Purified Mouse Anti-Rat CD11a
Clone WT.1 (RUO)
- Brand BD Pharmingen™
- Alternative Name Integrin αL chain; LFA-1 α chain; Itgal
- Concentration 0.5 mg/ml
- Isotype Mouse BALB/c IgG2a, κ
- Reactivity Rat (QC Testing)
Flow cytometry (Routinely Tested)
Immunohistochemistry-frozen, Inhibition, Immunoprecipitation, Blocking (Reported)

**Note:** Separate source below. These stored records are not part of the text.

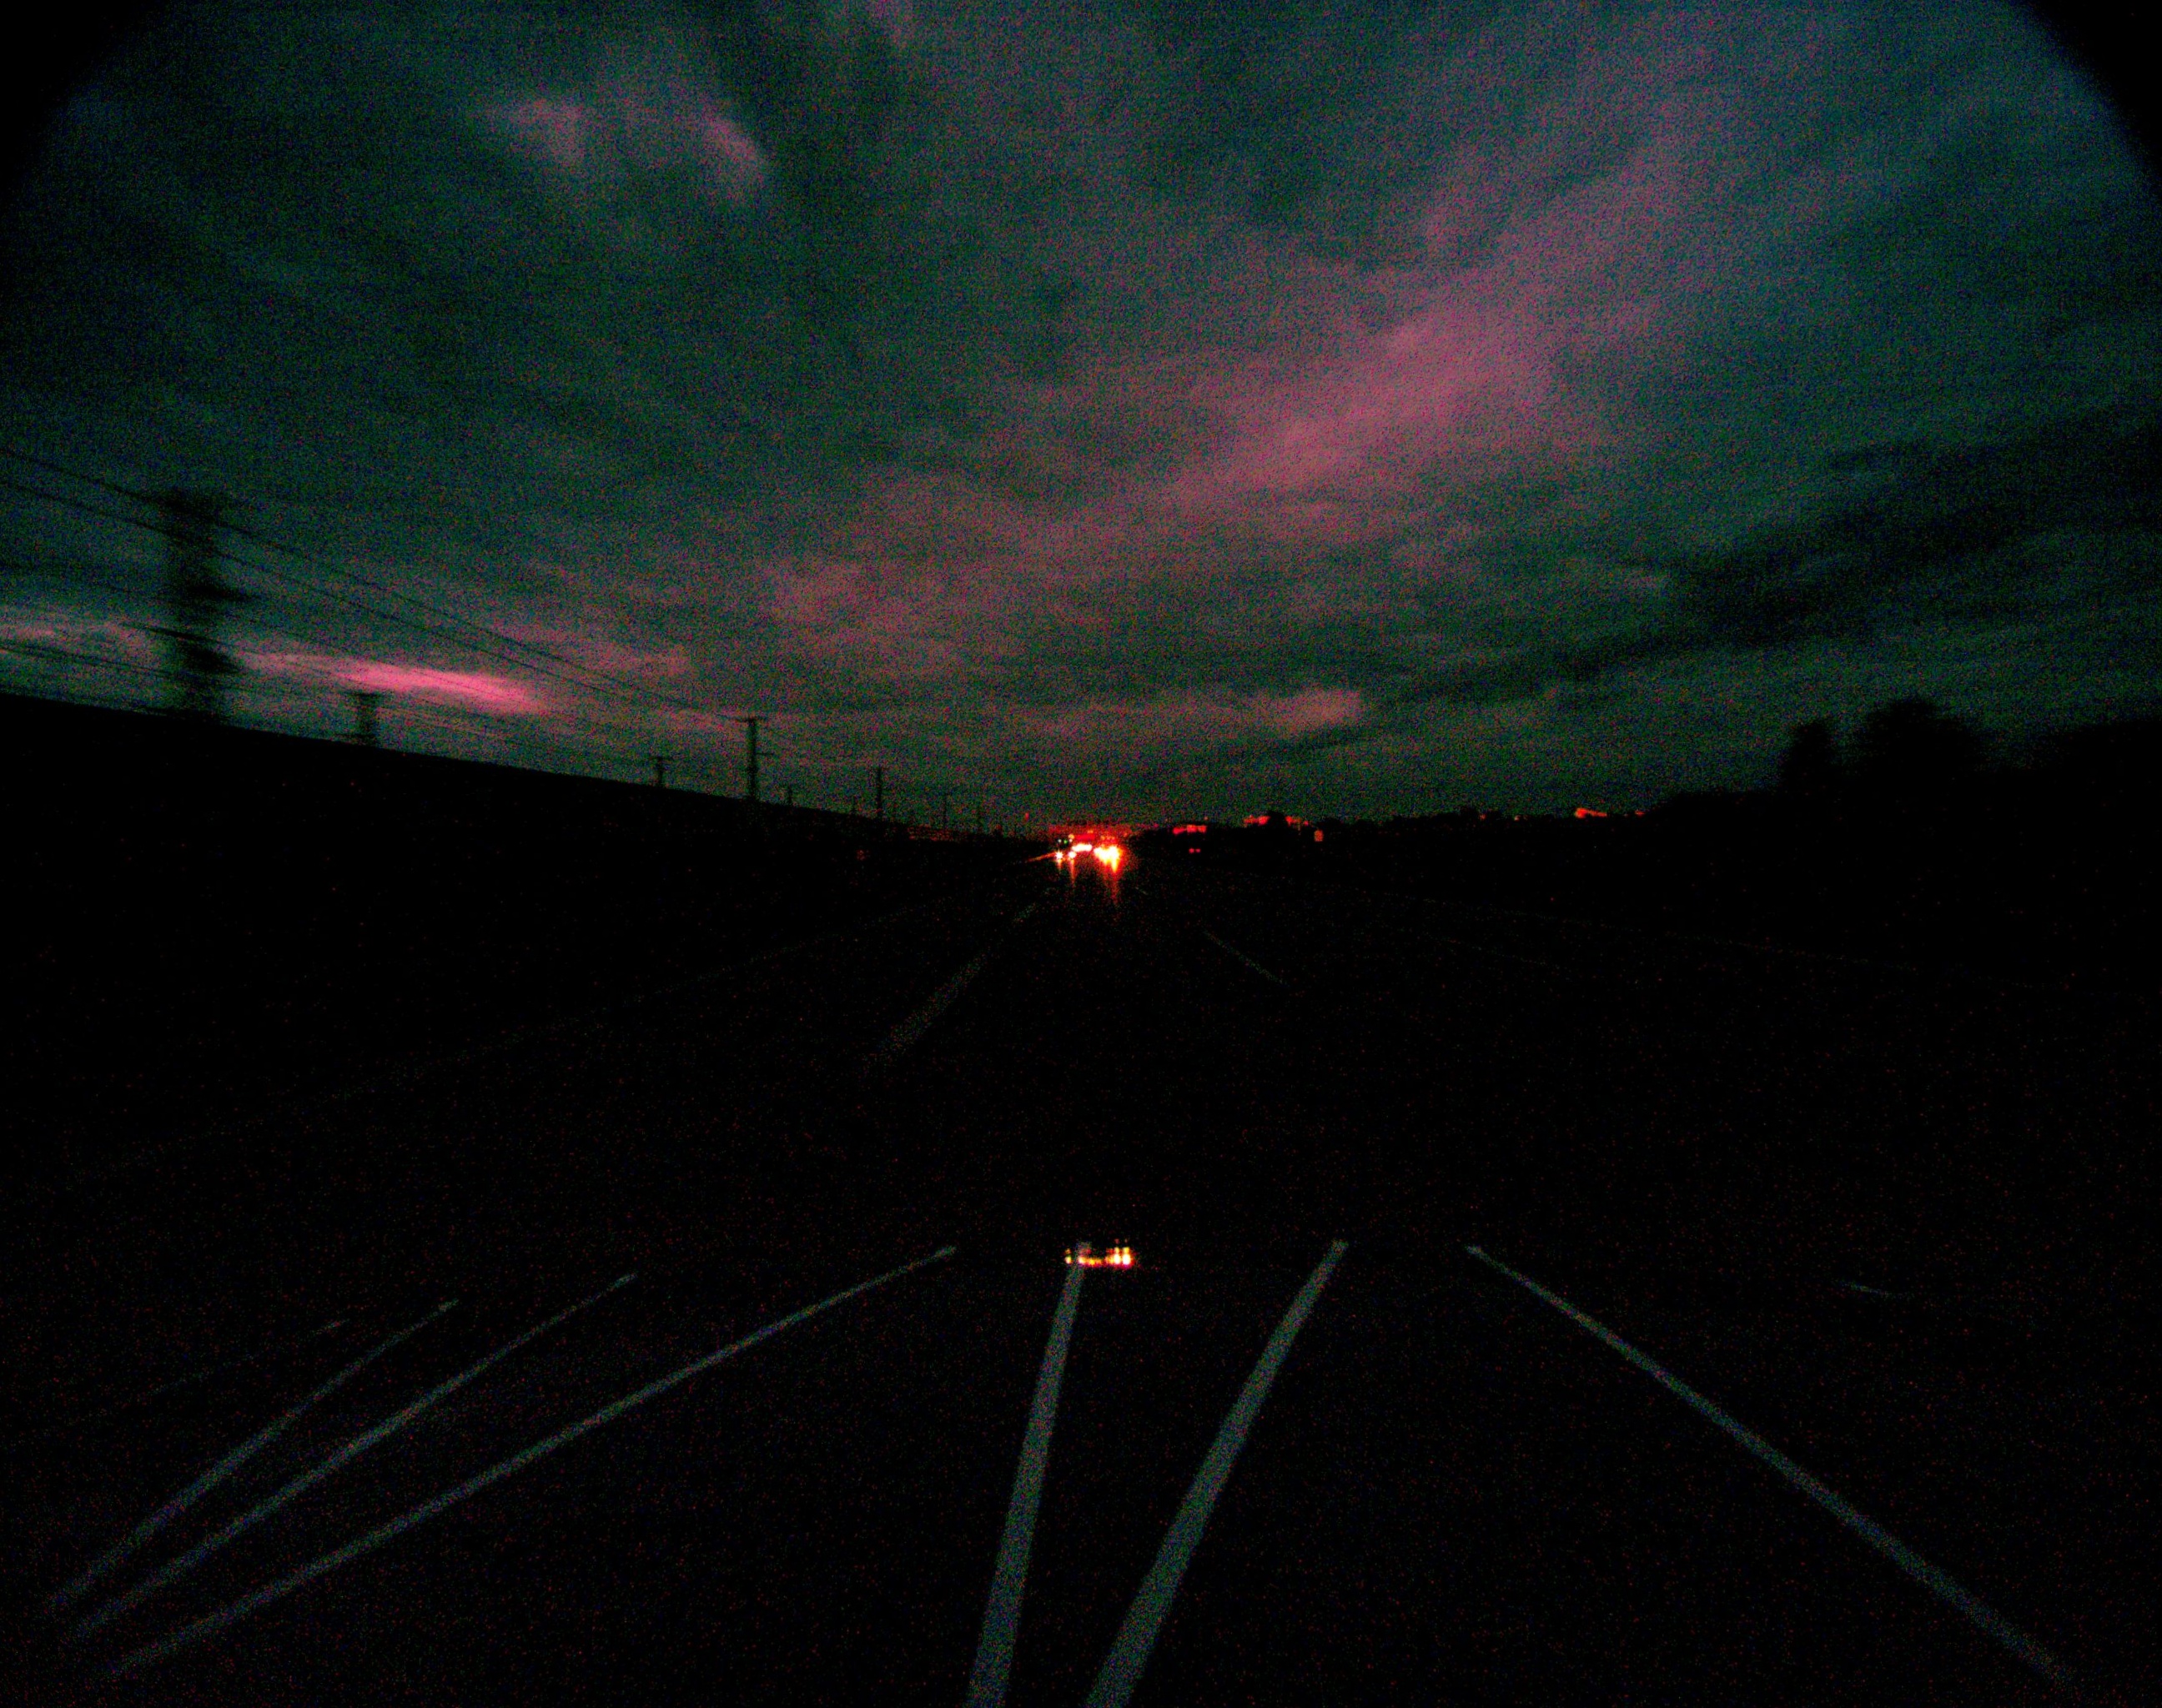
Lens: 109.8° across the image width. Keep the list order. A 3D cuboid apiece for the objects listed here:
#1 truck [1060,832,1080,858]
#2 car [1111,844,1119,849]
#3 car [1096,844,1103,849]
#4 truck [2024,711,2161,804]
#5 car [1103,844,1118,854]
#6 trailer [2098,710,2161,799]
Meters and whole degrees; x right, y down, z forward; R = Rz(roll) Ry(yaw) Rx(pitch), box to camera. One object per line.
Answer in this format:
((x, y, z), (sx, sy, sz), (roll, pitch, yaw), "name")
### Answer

- Immunogen PHA-stimulated rat splenocytes and rat thymic lymphoma FTL-43
- Storage Buffer Aqueous buffered solution containing ≤0.09% sodium azide.
- Regulatory Status RUO
Regulatory Status Legend
The WT.5 monoclonal antibody specifically recognizes the alpha subunit of LFA-1 (αLβ2 integrin, CD11a/CD18), a heterodimeric surface glycoprotein which is found on the majority of leukocytes, but not on peritoneal macrophages or peritoneal mast cells. LFA-1 mediates a variety of heterotypic and homotypic intercellular adhesions through interaction with ICAM-1 (CD54) and ICAM-2 (CD102). WT.1 mAb recognizes both the activated and unactivated forms of LFA-1. It inhibits the binding of LFA-1 to ICAM-1 in several in vitro assays, including binding of Concanavalin A-stimulated lymphocytes (Con A blasts) to purified ICAM-1 and Mg2+-dependent aggregation of concanavalin A-stimulated blasts. It has also been reported to inhibit leukocyte infiltration in several in vivo models of inflammation.
This antibody is routinely tested by flow cytometric analysis. Other applications were tested at BD Biosciences Pharmingen during antibody development only or reported in the literature.
Suggested Companion Products
Preparation and Storage
The monoclonal antibody was purified from tissue culture supernatant or ascites by affinity chromatography.
Store undiluted at 4°C.
- Since applications vary, each investigator should titrate the reagent to obtain optimal results.
- Please refer to www.bdbiosciences.com/pharmingen/protocols for technical protocols.
- Caution: Sodium azide yields highly toxic hydrazoic acid under acidic conditions. Dilute azide compounds in running water before discarding to avoid accumulation of potentially explosive deposits in plumbing.
- Sodium azide is a reversible inhibitor of oxidative metabolism; therefore, antibody preparations containing this preservative agent must not be used in cell cultures nor injected into animals. Sodium azide may be removed by washing stained cells or plate-bound antibody or dialyzing soluble antibody in sodium azide-free buffer. Since endotoxin may also affect the results of functional studies, we recommend the NA/LE (No Azide/Low Endotoxin) antibody format, if available, for in vitro and in vivo use.